- WHAT IS NEEDED
From the material below, set down exactly the lines that run from the one containing "Answer: Fed to" to the one containing "Sciences Solutions<fcel>Analytical Instruments<fcel>Specialty", minus the pictures.

[[ RECORD EXCERPTS, beginning ]]

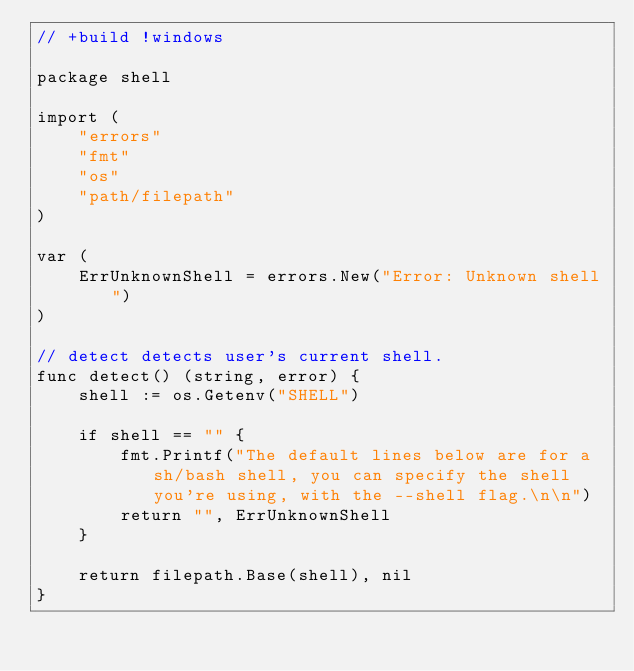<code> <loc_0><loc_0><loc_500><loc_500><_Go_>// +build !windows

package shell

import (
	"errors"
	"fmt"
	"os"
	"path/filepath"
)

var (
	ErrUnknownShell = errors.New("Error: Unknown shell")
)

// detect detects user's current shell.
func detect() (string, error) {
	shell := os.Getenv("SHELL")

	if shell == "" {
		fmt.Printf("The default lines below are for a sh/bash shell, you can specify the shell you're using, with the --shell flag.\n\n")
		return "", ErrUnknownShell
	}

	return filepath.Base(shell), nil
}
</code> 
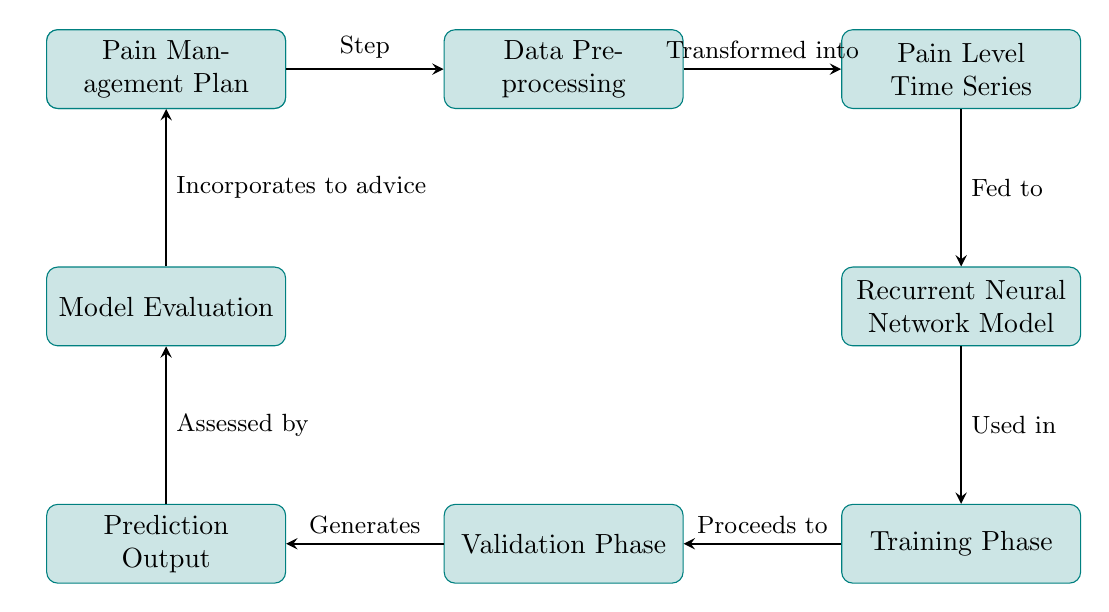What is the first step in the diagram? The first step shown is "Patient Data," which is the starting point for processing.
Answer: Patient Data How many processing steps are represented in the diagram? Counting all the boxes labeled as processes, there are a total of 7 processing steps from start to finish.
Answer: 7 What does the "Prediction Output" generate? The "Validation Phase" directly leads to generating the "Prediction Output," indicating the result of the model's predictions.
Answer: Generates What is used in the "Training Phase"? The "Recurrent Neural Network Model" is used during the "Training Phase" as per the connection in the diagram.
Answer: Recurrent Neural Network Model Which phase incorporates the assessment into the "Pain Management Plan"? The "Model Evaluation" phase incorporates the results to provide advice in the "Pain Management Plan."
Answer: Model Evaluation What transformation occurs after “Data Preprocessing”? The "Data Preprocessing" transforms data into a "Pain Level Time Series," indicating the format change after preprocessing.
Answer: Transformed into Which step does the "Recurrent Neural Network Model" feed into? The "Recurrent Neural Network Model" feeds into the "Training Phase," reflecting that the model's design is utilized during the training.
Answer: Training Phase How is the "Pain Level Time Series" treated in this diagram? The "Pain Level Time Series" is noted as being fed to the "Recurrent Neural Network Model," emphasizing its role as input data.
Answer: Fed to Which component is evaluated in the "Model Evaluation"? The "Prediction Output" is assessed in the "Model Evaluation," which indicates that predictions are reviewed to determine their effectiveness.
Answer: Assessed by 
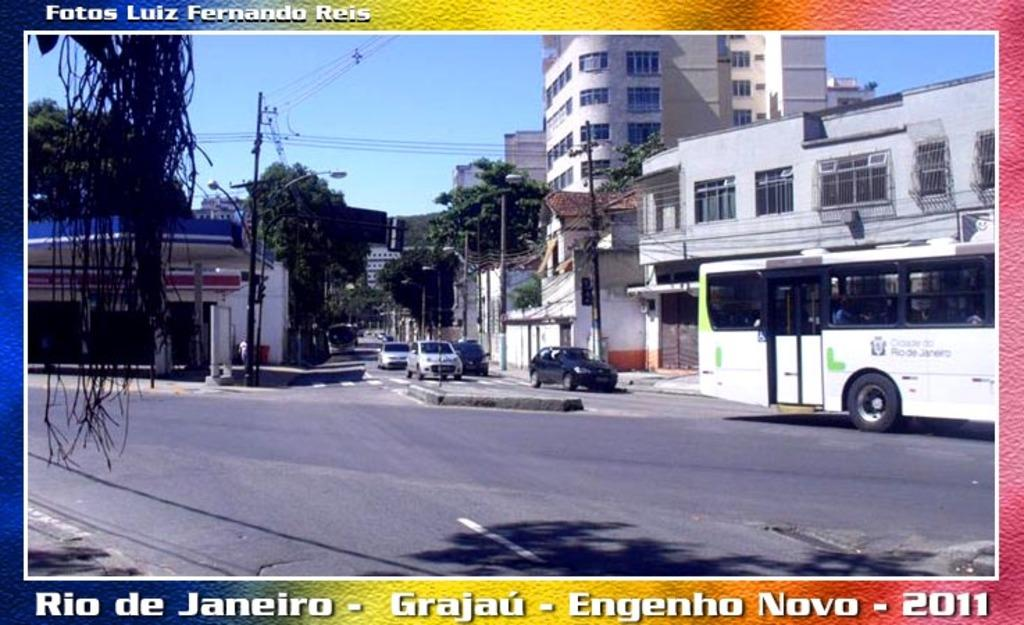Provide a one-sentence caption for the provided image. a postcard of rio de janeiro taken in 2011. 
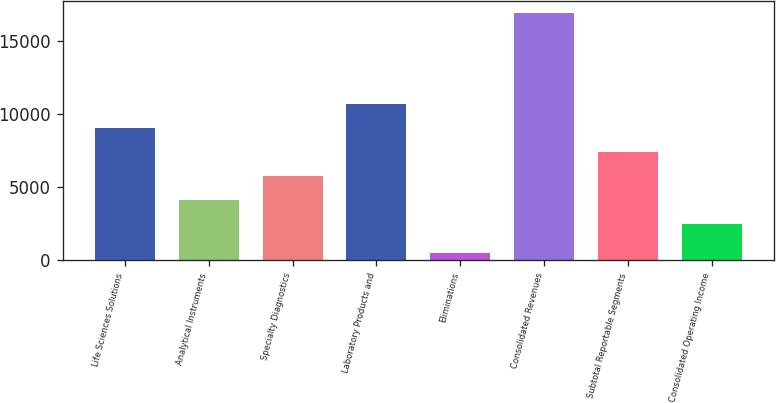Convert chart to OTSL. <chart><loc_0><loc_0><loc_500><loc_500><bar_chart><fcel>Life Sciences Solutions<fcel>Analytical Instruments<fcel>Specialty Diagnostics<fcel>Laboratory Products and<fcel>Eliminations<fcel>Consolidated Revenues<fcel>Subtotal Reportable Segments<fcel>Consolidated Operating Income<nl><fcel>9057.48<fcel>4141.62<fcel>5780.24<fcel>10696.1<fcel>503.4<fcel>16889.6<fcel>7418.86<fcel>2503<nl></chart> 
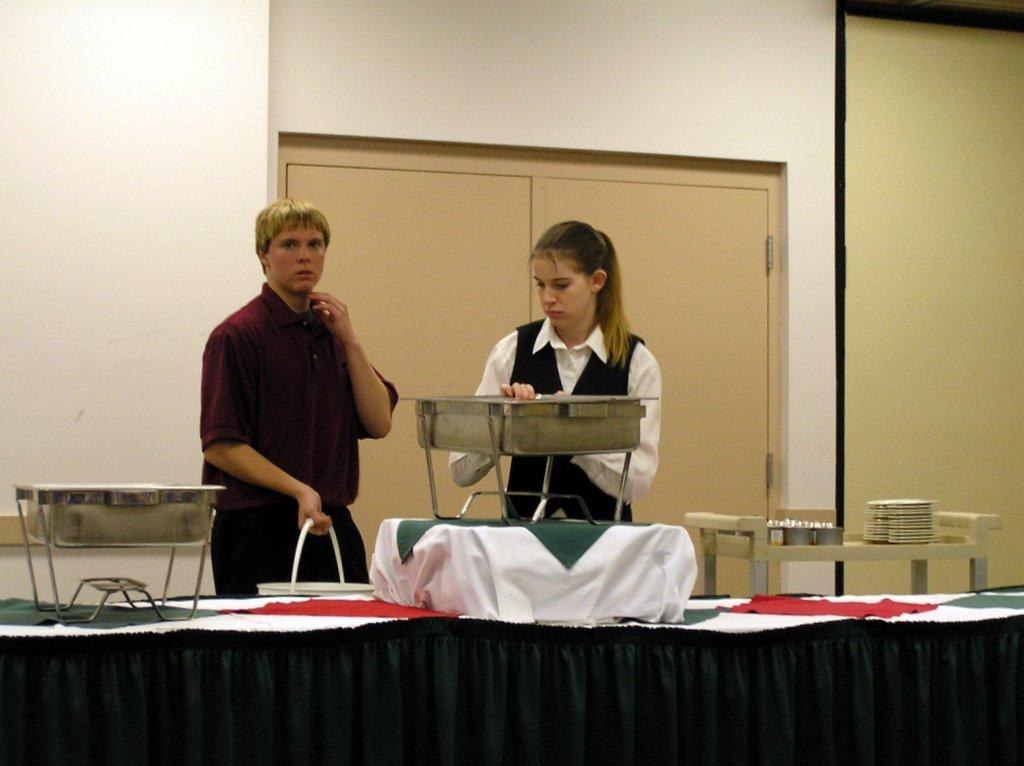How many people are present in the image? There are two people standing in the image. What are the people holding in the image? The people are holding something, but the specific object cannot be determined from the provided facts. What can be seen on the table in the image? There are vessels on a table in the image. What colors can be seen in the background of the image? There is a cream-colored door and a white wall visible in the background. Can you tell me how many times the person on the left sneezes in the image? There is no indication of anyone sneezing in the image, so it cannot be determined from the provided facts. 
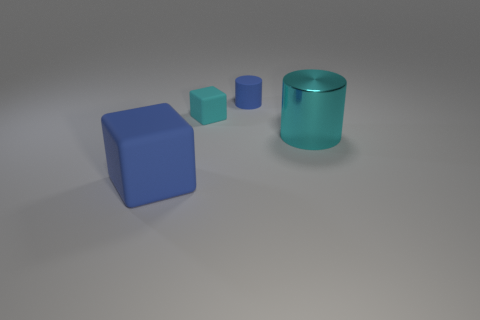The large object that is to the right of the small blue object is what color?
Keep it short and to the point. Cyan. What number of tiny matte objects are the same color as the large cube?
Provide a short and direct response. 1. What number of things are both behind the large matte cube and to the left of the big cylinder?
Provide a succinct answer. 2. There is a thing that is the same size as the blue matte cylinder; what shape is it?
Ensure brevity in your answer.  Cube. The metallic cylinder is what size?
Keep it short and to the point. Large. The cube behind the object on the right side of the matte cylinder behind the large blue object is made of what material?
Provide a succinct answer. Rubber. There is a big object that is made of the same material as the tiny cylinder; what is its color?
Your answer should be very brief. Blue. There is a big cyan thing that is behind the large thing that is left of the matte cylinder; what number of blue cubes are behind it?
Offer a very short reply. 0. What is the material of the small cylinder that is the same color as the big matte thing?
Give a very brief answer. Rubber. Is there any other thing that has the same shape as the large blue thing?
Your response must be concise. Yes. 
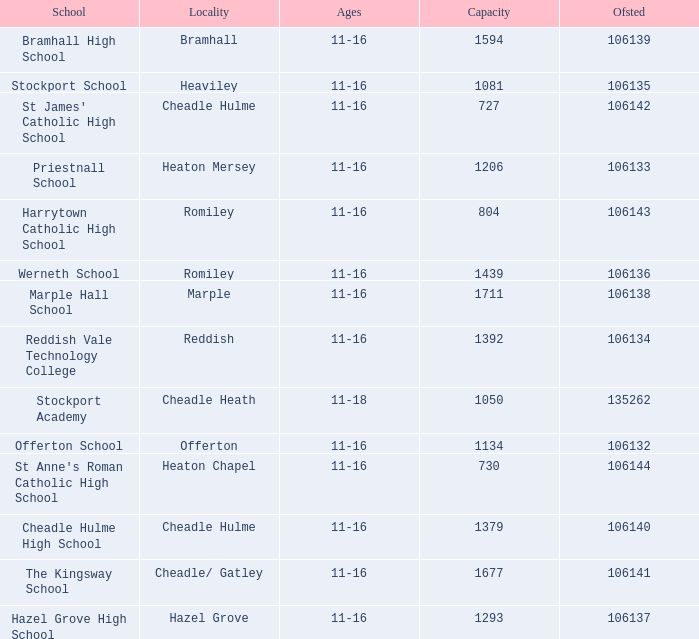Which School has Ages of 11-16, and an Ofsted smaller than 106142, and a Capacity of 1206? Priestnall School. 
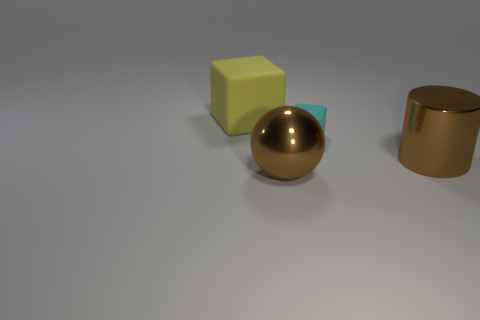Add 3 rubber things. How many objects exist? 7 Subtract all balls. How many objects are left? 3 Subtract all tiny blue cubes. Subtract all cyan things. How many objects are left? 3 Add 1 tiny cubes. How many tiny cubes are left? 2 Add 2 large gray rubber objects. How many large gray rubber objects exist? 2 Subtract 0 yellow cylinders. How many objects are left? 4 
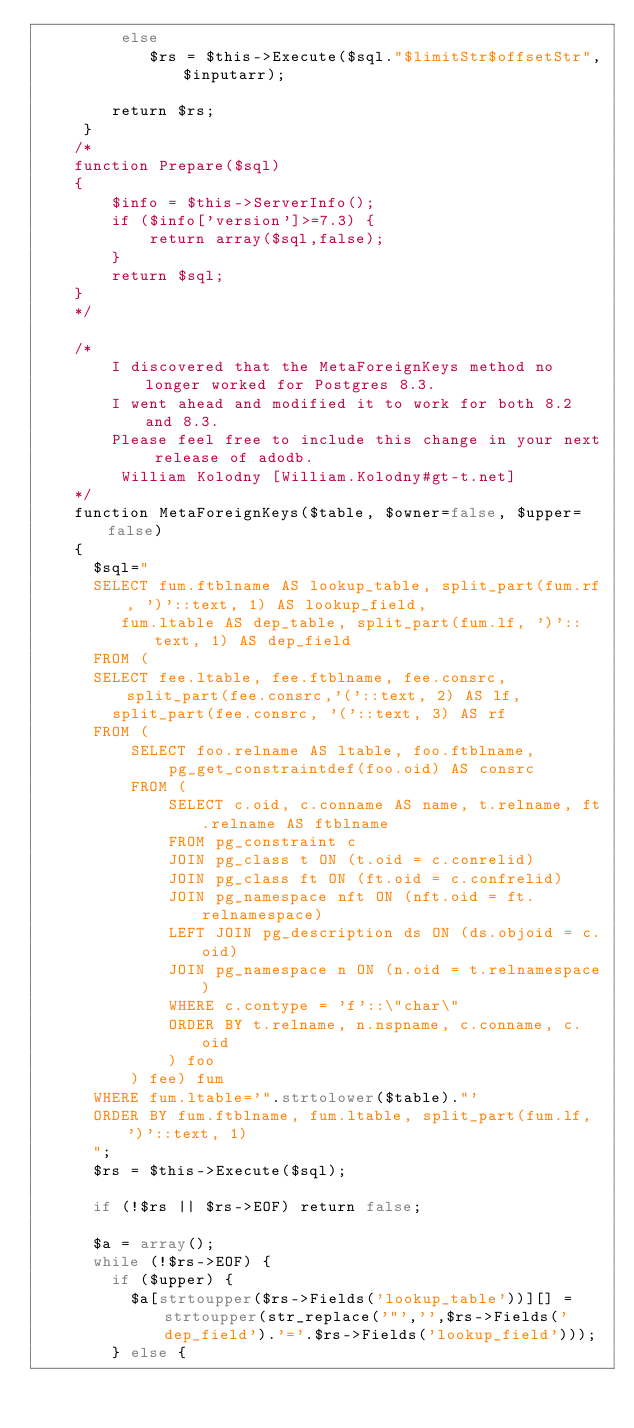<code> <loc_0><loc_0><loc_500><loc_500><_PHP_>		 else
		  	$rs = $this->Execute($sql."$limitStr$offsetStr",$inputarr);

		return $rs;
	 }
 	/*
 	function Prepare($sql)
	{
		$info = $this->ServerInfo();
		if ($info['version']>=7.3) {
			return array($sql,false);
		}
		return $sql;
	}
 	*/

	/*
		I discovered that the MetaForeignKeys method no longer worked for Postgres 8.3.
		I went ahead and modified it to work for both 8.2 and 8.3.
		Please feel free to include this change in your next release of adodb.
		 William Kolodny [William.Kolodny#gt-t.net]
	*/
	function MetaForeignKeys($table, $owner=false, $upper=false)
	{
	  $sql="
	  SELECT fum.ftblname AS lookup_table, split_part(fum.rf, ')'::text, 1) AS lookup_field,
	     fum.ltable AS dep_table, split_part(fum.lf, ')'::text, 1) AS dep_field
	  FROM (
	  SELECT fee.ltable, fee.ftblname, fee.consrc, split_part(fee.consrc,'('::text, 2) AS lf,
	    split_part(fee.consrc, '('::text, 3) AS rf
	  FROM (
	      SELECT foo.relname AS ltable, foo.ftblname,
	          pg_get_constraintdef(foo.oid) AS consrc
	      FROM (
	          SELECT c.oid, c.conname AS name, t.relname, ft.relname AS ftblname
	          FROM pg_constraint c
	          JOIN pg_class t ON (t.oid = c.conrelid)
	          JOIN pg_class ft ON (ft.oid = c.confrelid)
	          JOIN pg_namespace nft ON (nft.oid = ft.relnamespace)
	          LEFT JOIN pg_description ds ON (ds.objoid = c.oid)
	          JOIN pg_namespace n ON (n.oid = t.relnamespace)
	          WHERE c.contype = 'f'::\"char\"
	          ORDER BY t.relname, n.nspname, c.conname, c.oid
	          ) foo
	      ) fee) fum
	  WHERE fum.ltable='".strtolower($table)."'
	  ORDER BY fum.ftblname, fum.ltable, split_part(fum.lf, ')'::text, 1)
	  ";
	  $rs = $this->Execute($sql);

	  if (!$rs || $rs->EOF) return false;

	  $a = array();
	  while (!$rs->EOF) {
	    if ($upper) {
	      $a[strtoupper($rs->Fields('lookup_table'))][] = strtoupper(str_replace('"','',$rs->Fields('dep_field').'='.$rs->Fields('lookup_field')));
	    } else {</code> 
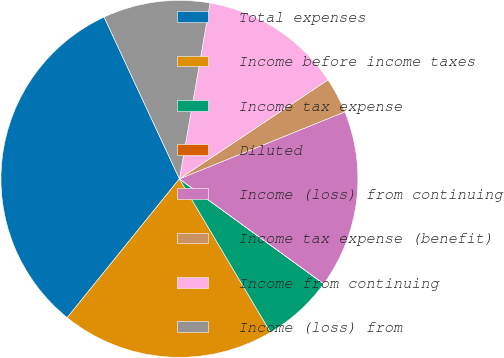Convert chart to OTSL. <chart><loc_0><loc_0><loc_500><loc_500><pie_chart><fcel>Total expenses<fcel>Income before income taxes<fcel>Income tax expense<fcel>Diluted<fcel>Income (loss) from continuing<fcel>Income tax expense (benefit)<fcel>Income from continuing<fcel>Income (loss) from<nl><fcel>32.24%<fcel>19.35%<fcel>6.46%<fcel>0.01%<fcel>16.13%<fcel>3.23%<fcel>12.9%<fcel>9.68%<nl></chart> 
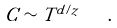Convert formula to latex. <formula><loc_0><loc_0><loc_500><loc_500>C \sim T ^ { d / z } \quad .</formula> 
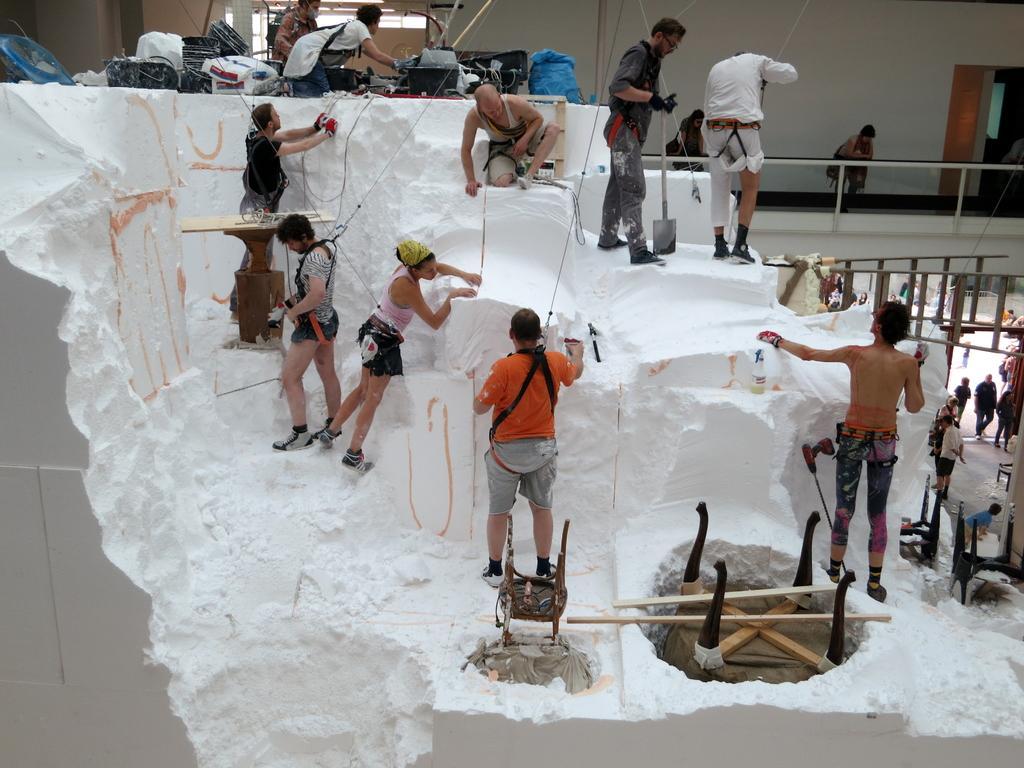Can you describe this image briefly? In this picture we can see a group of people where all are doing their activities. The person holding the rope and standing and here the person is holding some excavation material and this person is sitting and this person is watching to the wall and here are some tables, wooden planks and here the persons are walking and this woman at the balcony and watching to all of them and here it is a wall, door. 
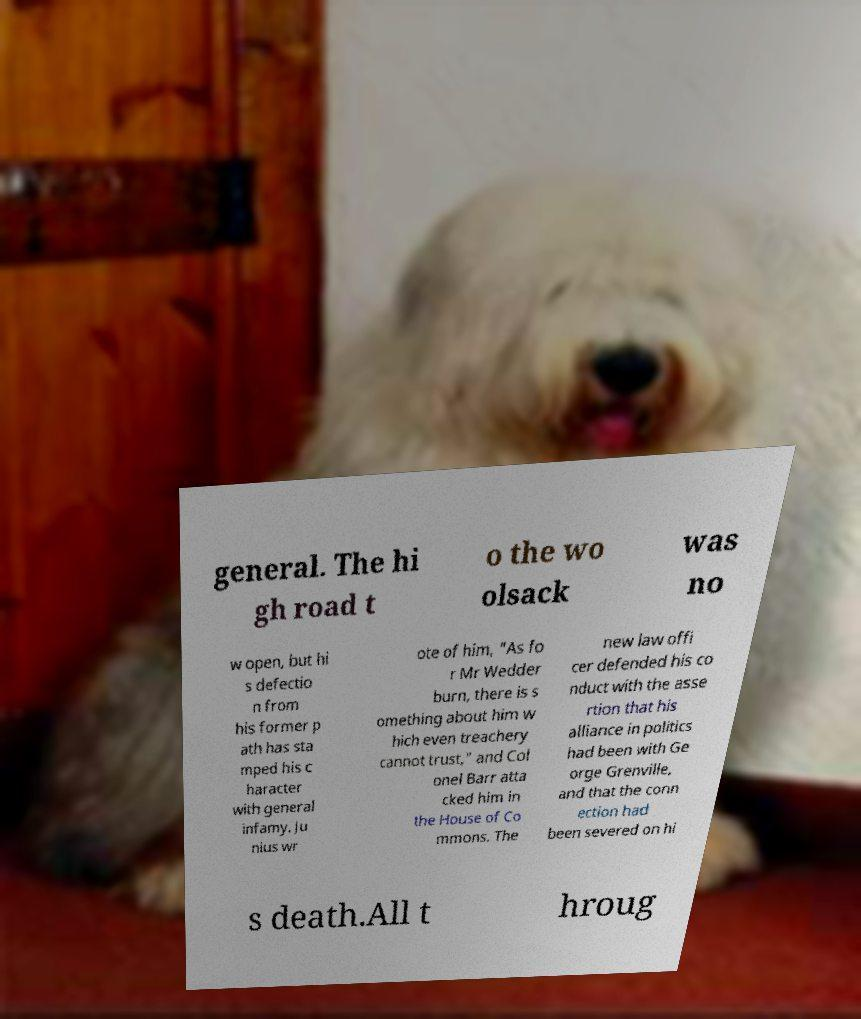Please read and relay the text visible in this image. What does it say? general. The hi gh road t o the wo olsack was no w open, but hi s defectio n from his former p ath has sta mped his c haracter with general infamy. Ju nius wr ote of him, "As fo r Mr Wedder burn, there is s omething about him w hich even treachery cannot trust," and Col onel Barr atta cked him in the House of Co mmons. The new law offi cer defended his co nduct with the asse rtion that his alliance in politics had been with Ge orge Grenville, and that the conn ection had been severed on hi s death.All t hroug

[[ RECORD EXCERPTS, end ]]

- RESPONSE BOX
Answer: Fed to Which component is evaluated in the "Model Evaluation"? The "Prediction Output" is assessed in the "Model Evaluation," which indicates that predictions are reviewed to determine their effectiveness.
Answer: Assessed by 
Provide a one-sentence caption for the provided image. a postcard of rio de janeiro taken in 2011. 
Convert chart to OTSL. <chart><loc_0><loc_0><loc_500><loc_500><bar_chart><fcel>Life Sciences Solutions<fcel>Analytical Instruments<fcel>Specialty Diagnostics<fcel>Laboratory Products and<fcel>Eliminations<fcel>Consolidated Revenues<fcel>Subtotal Reportable Segments<fcel>Consolidated Operating Income<nl><fcel>9057.48<fcel>4141.62<fcel>5780.24<fcel>10696.1<fcel>503.4<fcel>16889.6<fcel>7418.86<fcel>2503<nl></chart> 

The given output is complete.